— Your goal —
Beginning at the line with "1) toolbox (943, 483, 1725, 1416)" in the records below, return each line up to and including the last, exactly as it stands, but not the pictures.

----------------

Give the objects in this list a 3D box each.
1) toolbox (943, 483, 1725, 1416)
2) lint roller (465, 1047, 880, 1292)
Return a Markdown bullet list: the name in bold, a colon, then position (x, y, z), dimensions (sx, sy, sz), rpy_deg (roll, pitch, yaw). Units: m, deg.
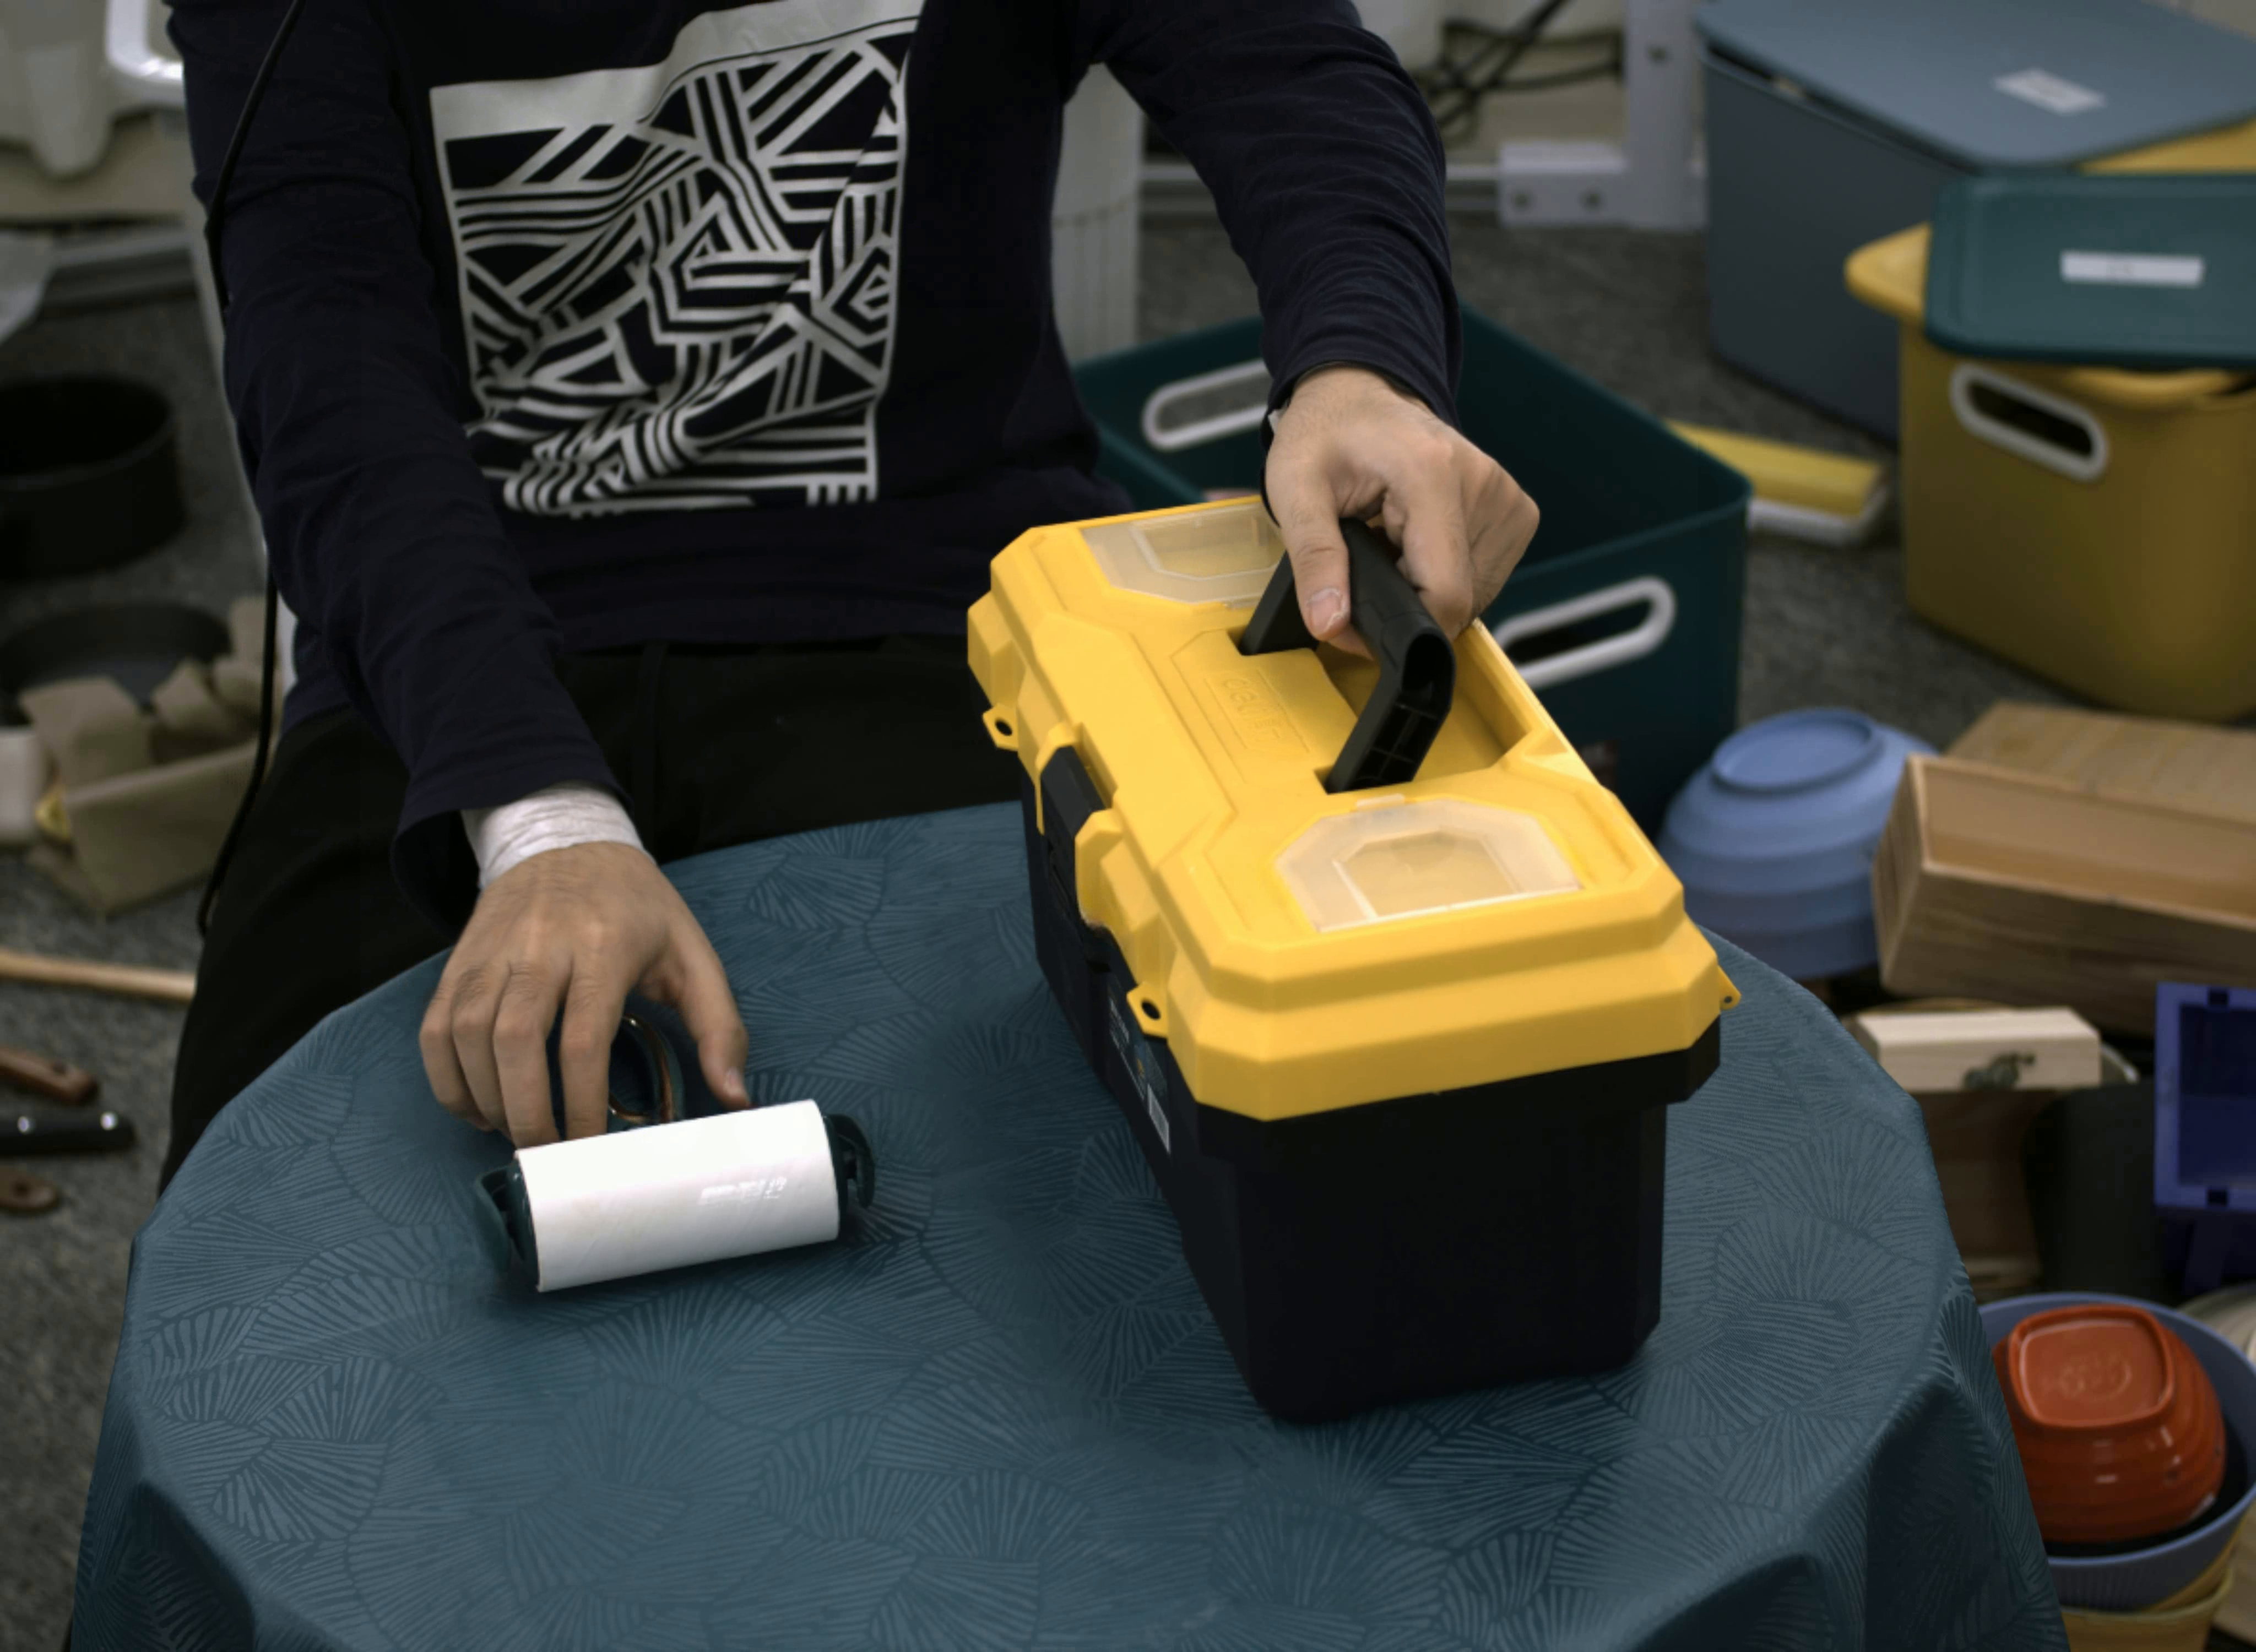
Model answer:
- **toolbox**: position (0.061, 0.033, 1.839), dimensions (0.181, 0.171, 0.355), rpy_deg (-8, 27, -12)
- **lint roller**: position (-0.165, 0.095, 1.886), dimensions (0.134, 0.048, 0.181), rpy_deg (-10, 24, -12)

----------------

— Answer section —
1) toolbox (943, 483, 1725, 1416)
2) lint roller (465, 1047, 880, 1292)
Return a Markdown bullet list: the name in bold, a colon, then position (x, y, z), dimensions (sx, sy, sz), rpy_deg (roll, pitch, yaw). Units: m, deg.
Model answer:
- **toolbox**: position (0.061, 0.033, 1.839), dimensions (0.181, 0.171, 0.355), rpy_deg (-8, 27, -12)
- **lint roller**: position (-0.165, 0.095, 1.886), dimensions (0.134, 0.048, 0.181), rpy_deg (-10, 24, -12)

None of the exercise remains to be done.